{14}

1.1K 10 18
                                    

Tiana
Net als ik een beetje tot rust begin te komen, maakt de man aanstalten om op te staan. Ik klamp me aan hem vast totdat het binnendringt dat ik nu degene ben die hem omhels. Ik laat hem gauw weer los en de man grinnikt een beetje. Hij heeft mij nog stevig vast en legt mijn hoofd op zijn schouder. Niet tegenwerken, we gaan zo van de trap af. En ja hoor. Daar gaat mijn plan. Als ik ga tegenwerken terwijl hij mij vast heeft, en hij staat op een trap... ik ril een beetje. Straks laat hij mij vallen vanaf bovenaf. Dat wil ik niet. Ik wil geen pijn, ik wil gewoon weg.
Een traan verlaat weer mijn ooghoek. Sinds waneer ben ik zo kwetsbaar? Dat is nog nooit zo geweest.

De hand die op mijn rug ligt, aait nog steeds gerustellend. Ik zucht. Misschien is dit toch nog een beetje lekker.
Helaas verdwijnt dit gevoel snel als de man gaat zitten.
Hij draait mij om,zodat ik met mijn rug tegen zijn borst aanzit en de hele kamer kan doorkijken.
Mijn ogen worden groot. Deze kamer is echt prachtig. Het is zo groot, zo mooi en netjes. Alles wat in de woonkamer staat vormt één geheel. Hoe leuk is dat.

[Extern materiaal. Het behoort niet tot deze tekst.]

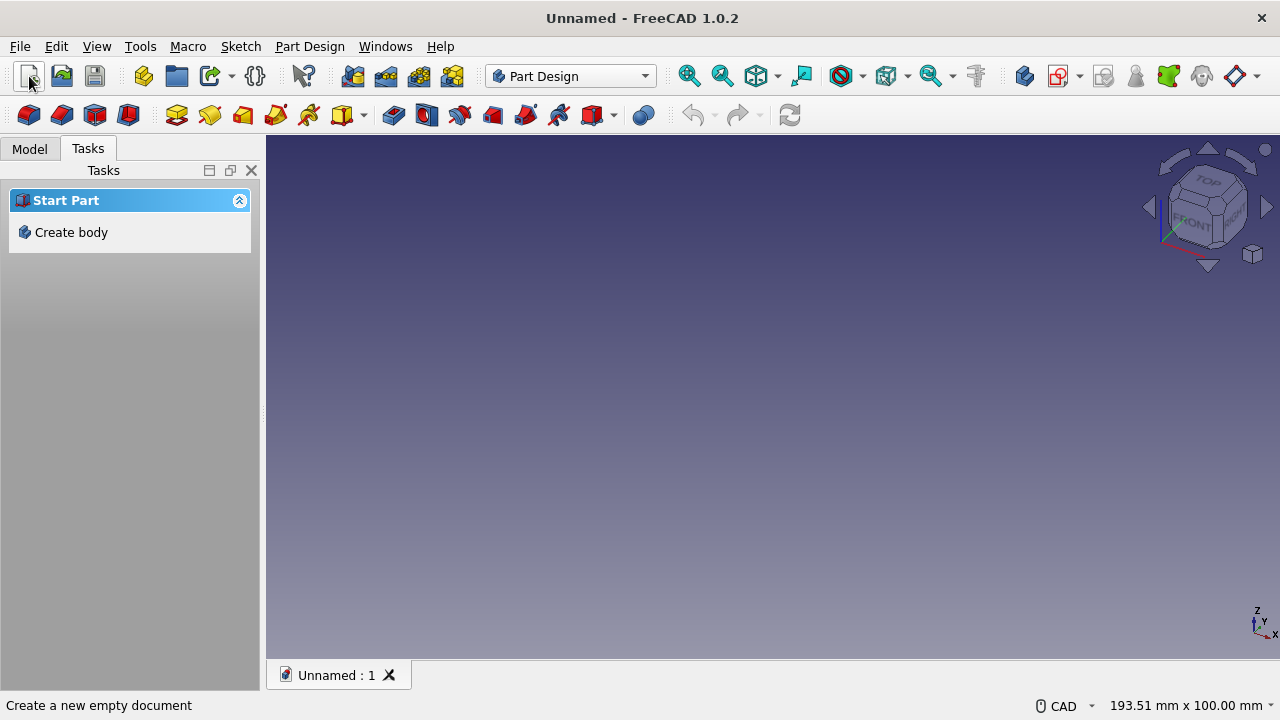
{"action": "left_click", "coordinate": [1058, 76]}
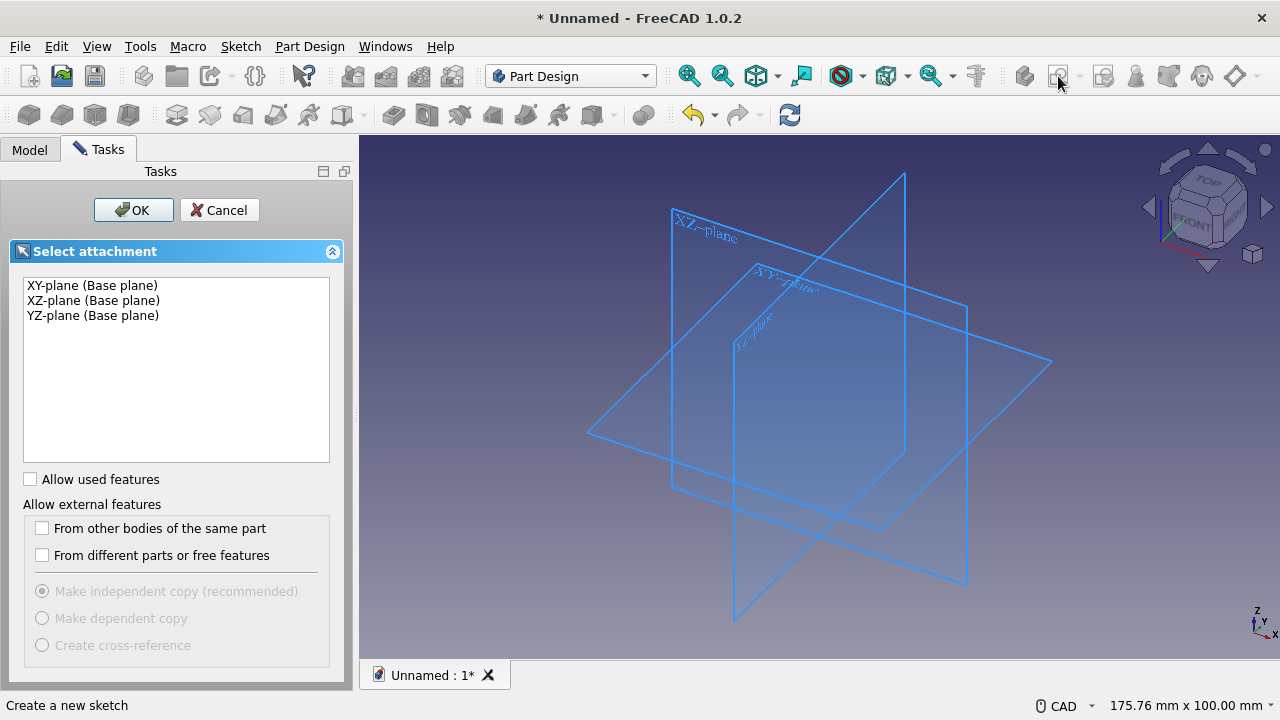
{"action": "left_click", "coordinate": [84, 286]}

De andere man komt ook weer de kamer binnen en gaat op de bank tegenover ons zitten.
Ik probeer heel onopgemerkt van de schoot af te glijden, waar ik nu op zit. Ik kan zelf zitten, ben geen baby galmt er door mijn hoofd. Helaas voelt de man dat en houd mij stevig op zijn plaats. Ik worstel iets harder en yeajjj het is gelukt. Ik ben 5 centimeter dichter bij zelf zitten op de bank.
Ik grom als de man mij weer dichter naar hem toe schuift en mij nu nog steviger vastpakt.
'Ah joh, Levy. Laat dat arme ding toch even zelf zitten. Je kunt haar altijd nog bij je nemen' zegt de man tegenover ons.
De man, die blijkbaar Levy heet, zucht even. Hij gromt in mijn oor, 'je mag op jezelf zitten, maar als je een poging doet om weg te rennen, zit je heel gauw weer op mij.' Ik slik en knik zachtjes.
Levy schuift iets op en duwt mij zachtjes van zijn schoot af.
Ik huil nog steeds zachtjes, maar gelukkig is nu het ergste voorbij. Tenminste...Ze gaan nu toch zeggen dat ik naar huis kan?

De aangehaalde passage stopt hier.